There's quite a bit of information about this on Establishing Style and Supporting Multi-Lingualism at /doc/style.html.
Basically you have four ways of modifying the look and feel of your OpenACS website:
Not included in OpenACS but available from http://karl.arsdigita.com
Almost all of the tcl pages shipped with OpenACS make calls o ad_header and ad_footer, two procedures defined in tcl/ad-defs.tcl.preload
ad_header returns the initial HTML tags and title to the page, and optionally returns extra stuff for the <head>. This is its usage:
ad_header page_title { extra_stuff_for_document_head ""
}
ad_footer stuff an <hr> and a e-mail signature (defaults to system owner) and then it closes the body and html tags. Its usage is:
ad_footer { signatory "" } { suppress_curriculum_bar_p
"0" }
For example, you'd call them from an adp page like this:
<%= [ad_header "My First OpenACS Page"] %> <%= [ad_footer "me@mydomain.com"] %>
The "<%=" means "evaluate this and then return as a ns_puts". The above would return a page with the title "My First OpenACS page" and an e-mail signature in the bottom saying "me@mydomain.com".

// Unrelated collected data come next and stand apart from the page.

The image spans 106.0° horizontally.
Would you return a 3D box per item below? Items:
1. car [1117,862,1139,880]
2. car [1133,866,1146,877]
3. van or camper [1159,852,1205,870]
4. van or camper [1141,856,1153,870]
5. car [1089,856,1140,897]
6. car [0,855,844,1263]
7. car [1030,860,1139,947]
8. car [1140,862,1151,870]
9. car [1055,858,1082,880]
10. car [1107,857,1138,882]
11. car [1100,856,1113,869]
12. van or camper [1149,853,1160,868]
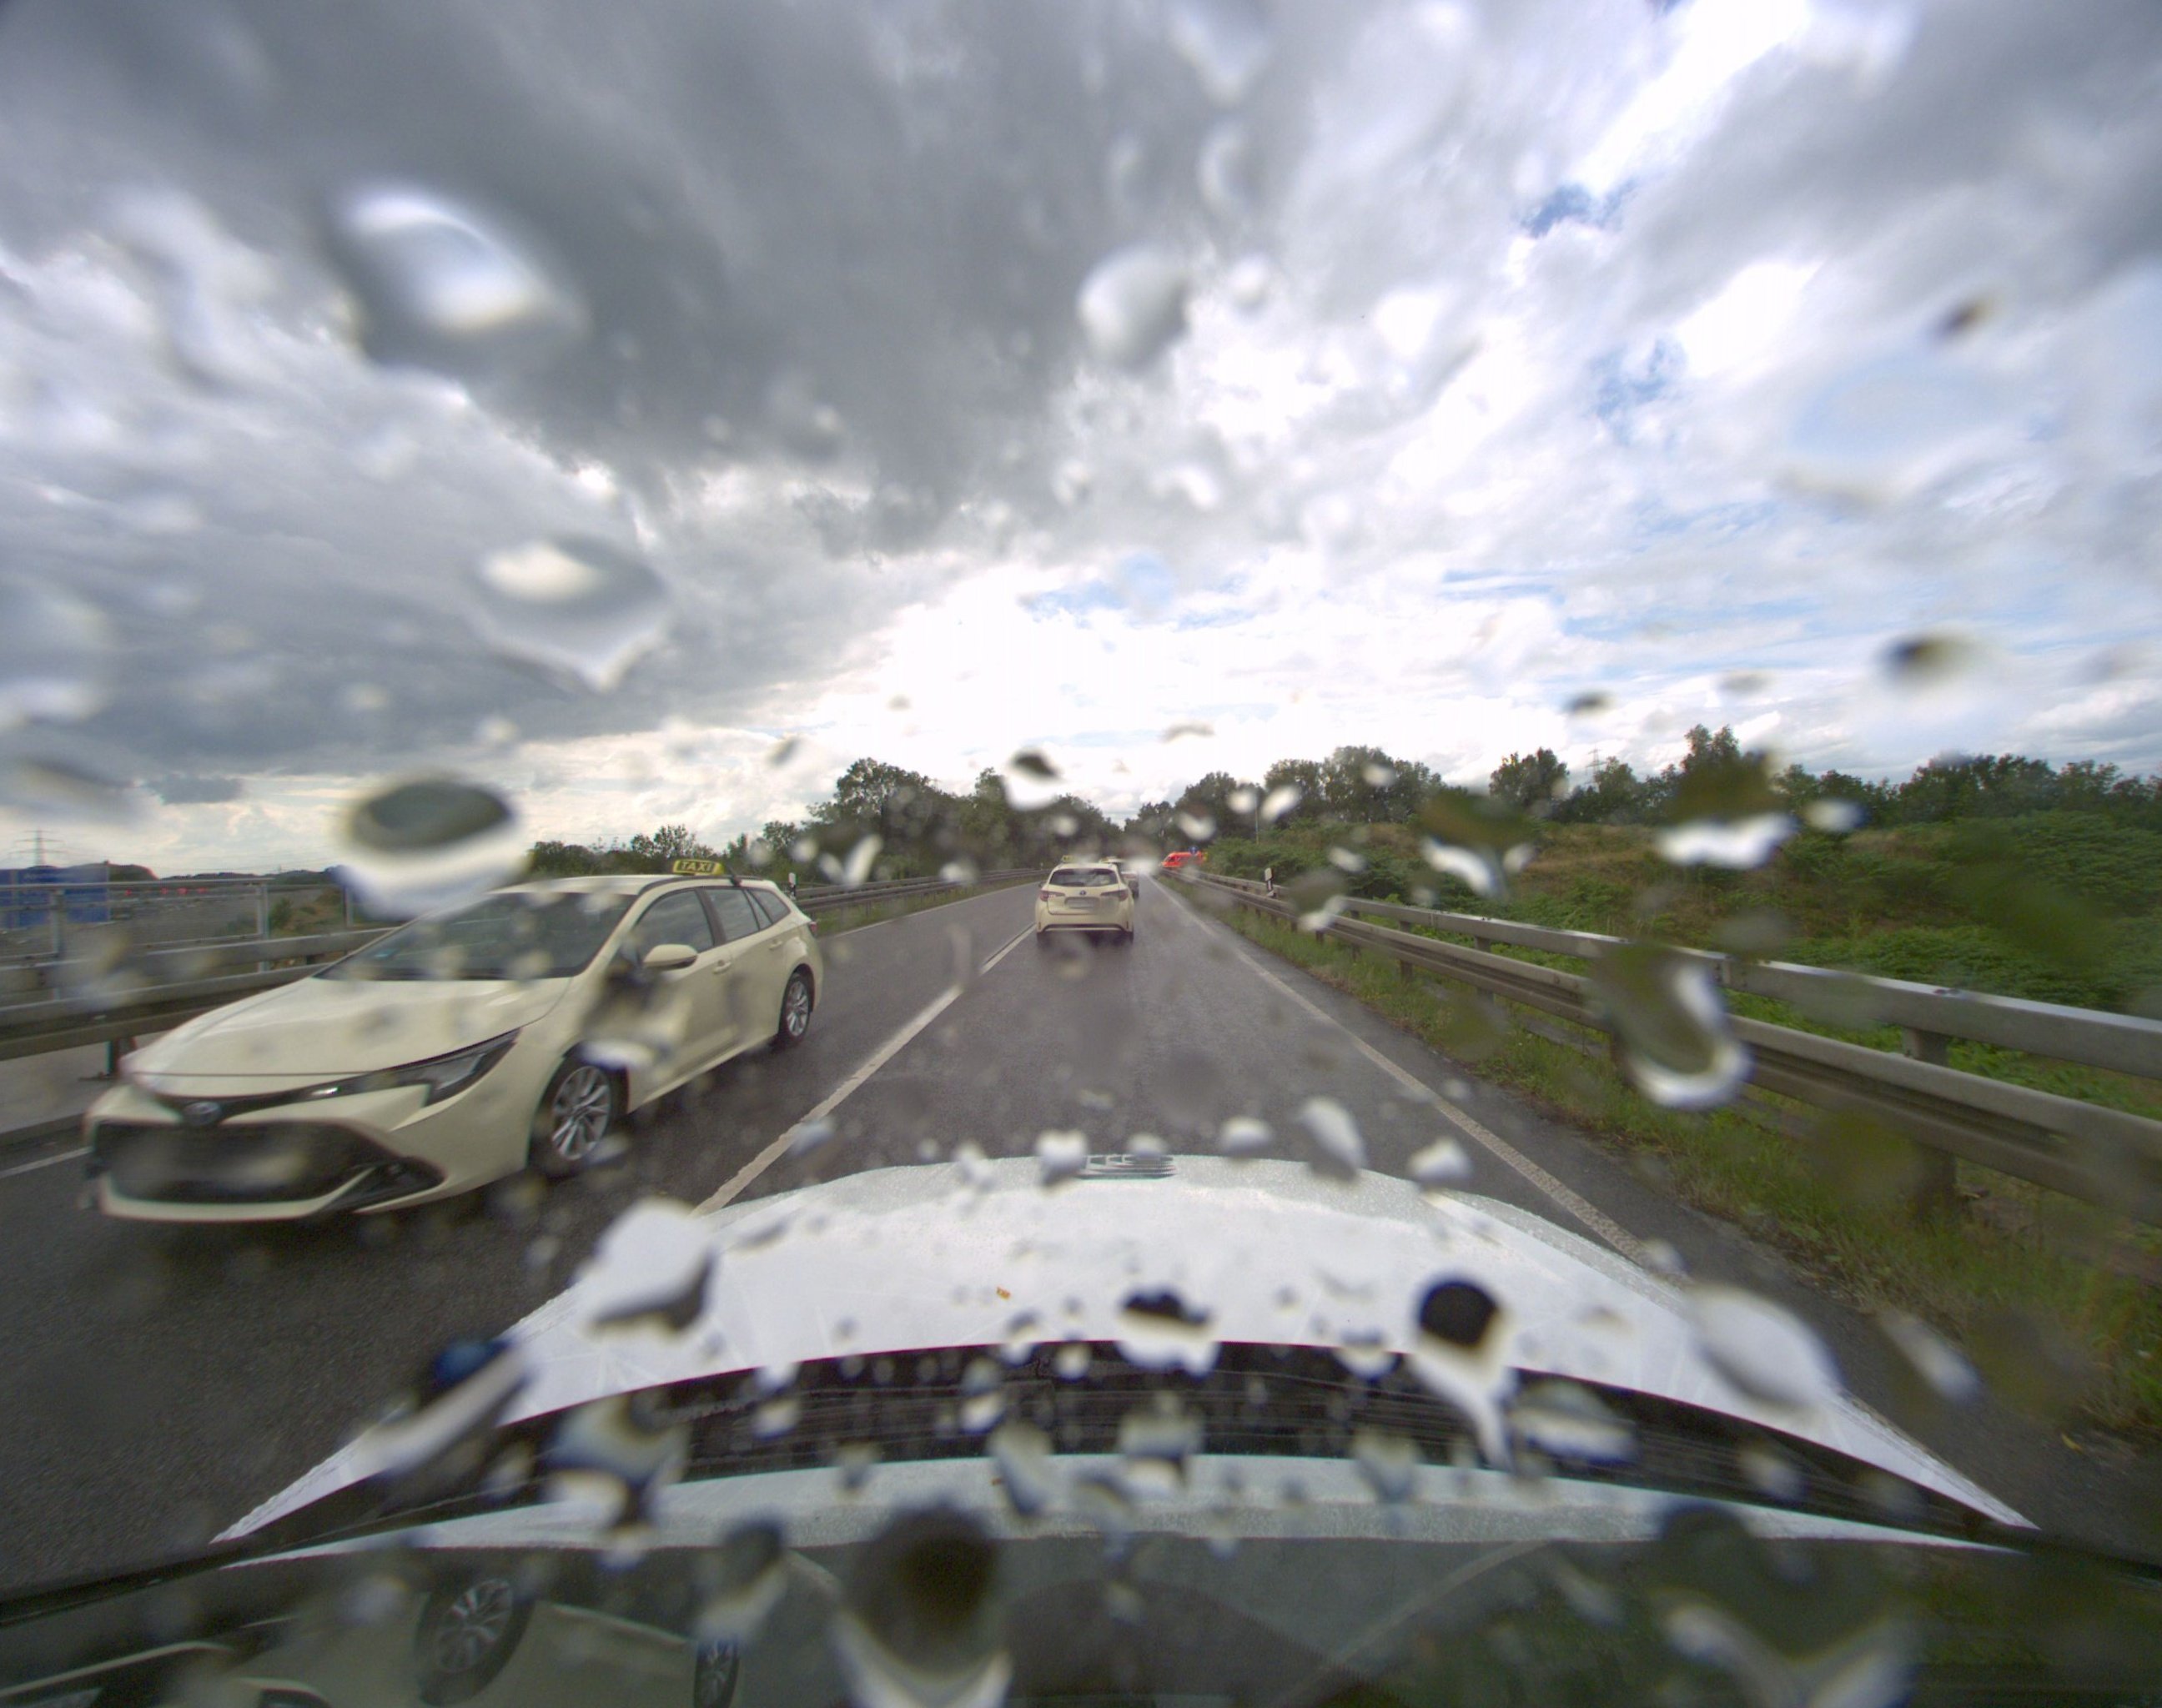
[{"bbox_3d":[4.113,1.454,71.921,1.847,1.443,4.173,0,1,2],"label":"car"},{"bbox_3d":[8.690,2.555,120.289,1.845,1.443,4.178,0,0,6],"label":"car"},{"bbox_3d":[13.078,0.864,105.506,5.683,2.241,2.011,0,0,-13],"label":"van or camper"},{"bbox_3d":[13.739,1.815,169.515,2.322,2.864,6.312,0,0,4],"label":"van or camper"},{"bbox_3d":[1.293,0.824,31.805,1.847,1.443,4.173,0,1,2],"label":"car"},{"bbox_3d":[-3.241,0.777,5.383,1.803,1.509,4.614,0,0,2],"label":"car"},{"bbox_3d":[0.134,0.852,15.911,1.847,1.394,4.173,0,1,2],"label":"car"},{"bbox_3d":[11.709,2.155,146.657,1.845,1.443,4.178,0,0,6],"label":"car"},{"bbox_3d":[-0.860,1.056,58.912,1.773,1.561,4.303,0,0,1],"label":"car"},{"bbox_3d":[2.593,0.953,51.221,1.847,1.443,4.173,0,1,2],"label":"car"},{"bbox_3d":[4.231,1.396,132.480,1.985,2.128,4.899,0,0,3],"label":"car"},{"bbox_3d":[17.864,1.513,197.856,2.322,3.562,6.312,0,0,4],"label":"van or camper"}]

Ths disadvantages of this approach is that it's very limited and requires restarting AOLserver for changes in the ad-defs file to take effect.
OpenACS has some utility procedures to help you. One of them is ad_register_styletag
(defined in tcl/ad-style.tcl).
With ad_register_styletag you can register a tag can will be available for use under ADP and TCL pages. It will also register documentation for that tag through the proc_doc OpenACS procedure.
Usually what I do is rename the file tcl/photonet-styles.tcl to tcl/myservice-styles.tcl and then edit it. In that file I define some tags like "pagetop", "pagebottom", "pageside". Then I call these tags from ADP pages just like regular HTML tags (e.g. <pagetop></pagetop>). From .tcl pages, you'd call these tags through "ad_style_pagetop" (or [ad_style_pagetop] if you are calling it from inside a ns_write).
ad_register_styletag used the AOLserver API call to ns_register_adptag, which will give you more flexibility on defining your tags (e.g. you can define tags that take arguments). Read the documentation for ns_register_adptag for more info.
Although this approach is more flexible, it also requires you to restart AOLserver to make changes.
Templates are very flexible and do not require an AOLserver restart. You can find full documentation on this at /doc/style.html.
Basically, if you have a .tcl page that has the Tcl and SQL code in /test/mypage.tcl, you have this page call ad_return_template at its bottom. ad_return_template will search for an .adp template at /templates/test/mypage.*.adp and return it.
You can have several templates with different interfaces or even languages, such as mypage.plain.adp (for users than want text-only) or mypage.fancy.adp (for users that want graphical site) or mypage.plain.pt.adp (for users that speak Portuguese). ad_return_template will server the page according to the user's preferences.
This means that programmers will edit the .tcl pages and define some variables that HTML designers will then use in the the .adp templates they will handle. If I am not mistaken, there are mods for Dreamweaver to handle adp pages.
Unfortunately, because the templating module is fairly new, only a few modules are template-enabled, ecommerce being one of them.
Karl Goldstein, who works for ArsDigita Corp., is working on a very powerful publishing system that was included in ACS/Oracle 3.2.3. You can download this module and get it working on your OpenACS installation (this is not included with OpenACS).
This modules uses XML and defines som special tags that completely separates programming from presentation. People that have been using it told me that it's really nice.